Why Gay Marriage is Not Really About Gay People
The gay marriage debate isn't really about whether or not gays should be allowed to participate in the civil or religious ceremony known as marriage. Rather, it is about the ideologically driven movement to undermine and marginalize traditional marriage as a social institution for the raising of children, the protection of women, and the provision of care to the elderly. At the risk of hurting their feelings, gays are just a useful prop in the progressive-socialist effort to destroy the existing social safety net of marriage, and replace it with a state controlled system of government dependence and control.
To contextualize the debate, for thousands of years mankind has recognized that the most stable, most successful model for the rearing of children was the two parent, male/female, model. Other models, such as shared parenting, single or mostly single parenting, or even militarized parenting, have been tried, and found to be evolutionary dead ends. Societies that embraced them have failed over time as their children failed to compete successfully against children raised under the two parent model.
With this understanding, marriage can be viewed as a social construct designed to recognize and reinforce that model. Not because it is particularly good for the adults involved, but rather because it is good for the long-term survival of the greater society.
But even though the well being of the adults is not the primary purpose, married couples and women, in particular, benefit as well. Studies show that married couples, assumed to be more or less monogamous, live longer, have lower overall health care costs, and tend to be happier than singles of either sex, the divorced, or the widowed. Studies also show married women and their children are less likely to be victims of violence
So, if marriage is so good for children, women, and the elderly, why is it being attacked? The answer is because it is too good. Children raised in stable, two parent families are 50% more likely to be successful than their counterparts raised by single parents. Children raised under the two parent model are less likely to be involved with drugs, end up living in poverty, or be involved with crime, than their single parent counterparts.

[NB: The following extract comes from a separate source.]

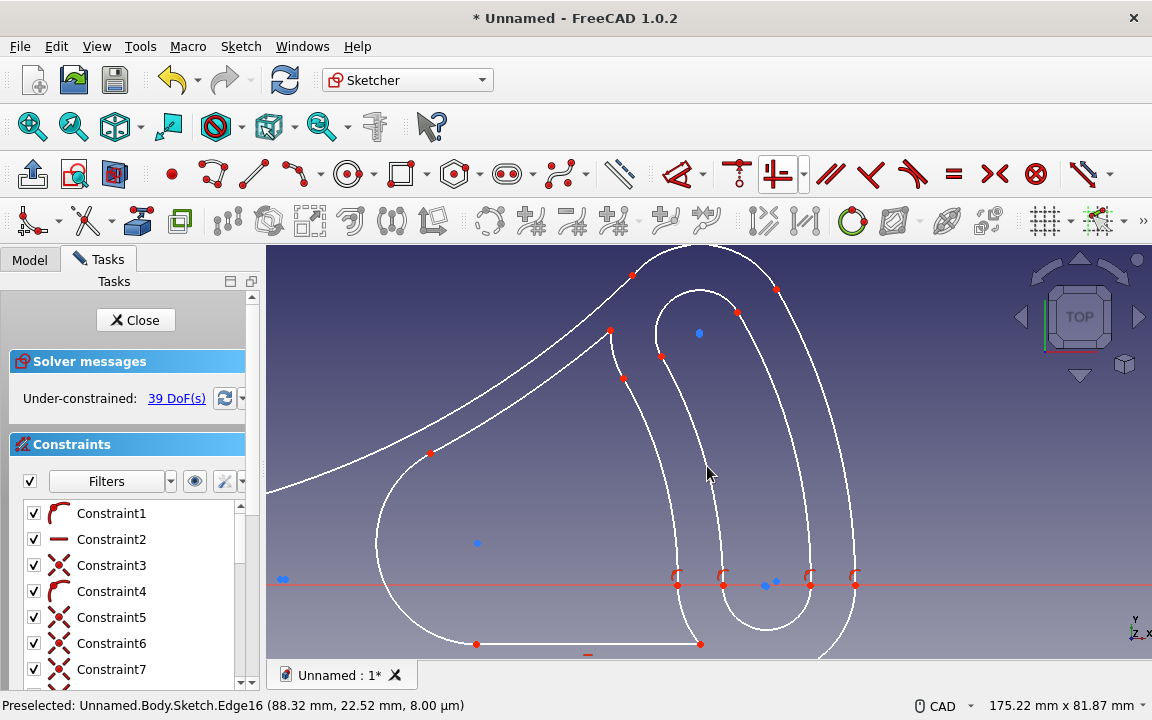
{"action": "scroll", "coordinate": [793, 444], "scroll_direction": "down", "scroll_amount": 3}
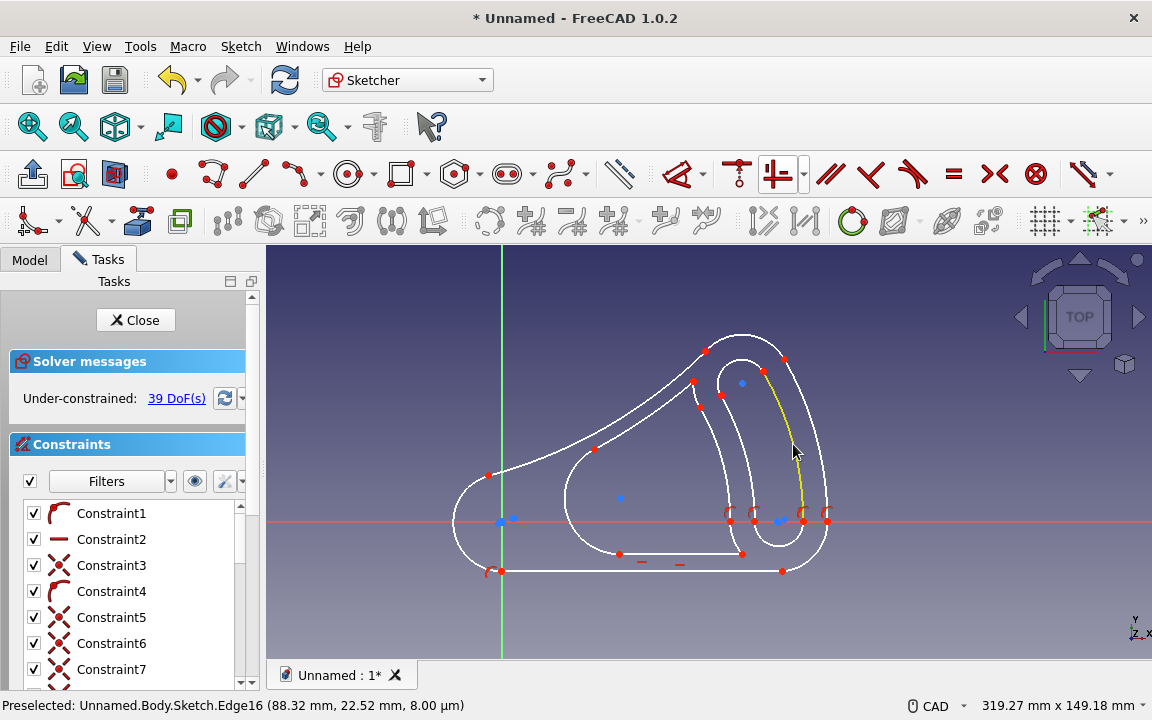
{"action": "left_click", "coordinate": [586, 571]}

Women who are married are 400% safer than their unmarried or divorced counterparts, and are 60% less likely to be living in poverty. Marriage also provides benefits to the elderly, with elderly married adults being less likely to require expensive health care and extensive government services as they age.
But, for progressives, the effectiveness of marriage in providing protection and support are obstacles to their political objectives. Children raised in two parent families are less likely to need or demand a larger, more powerful government in order to receive more government services, and elderly couples that can take care of themselves are less likely to vote for the politicians that want them to trade their freedom for more services. Simply put, progressives see the destruction of the traditional marriage as the key to establishing the progressive state.
That is the reason why progressive socialists have been waging a war on marriage for more than 60 years. From Johnson's Great Society, which destroyed the black family by offering copious benefits if black men would just abandon their wives and children, to the feminist movement, which cast marriage as a form of slavery for women, even though women and their children benefit in multiple ways from traditional marriage, to the no-fault divorce laws of the 1970s, to the gay marriage movement of today. Progressives want to diminish the role of marriage as a social institution, and elevate the dependence of children and the elderly on the state for protection and support. The purpose, of course, isn't to provide better protection and support, but rather to establish control over these groups and enforce the dictates of the progressive agenda.
So, to our gay friends, we're sorry but you are being used as pawns in a larger conflict. It really isn't about you. It's about marriage and whether it will continue as an institution that protects women, children, the elderly, and society overall, or whether progressive socialists will be successful in redefining it so as to promote their agenda of larger, more pervasive, government.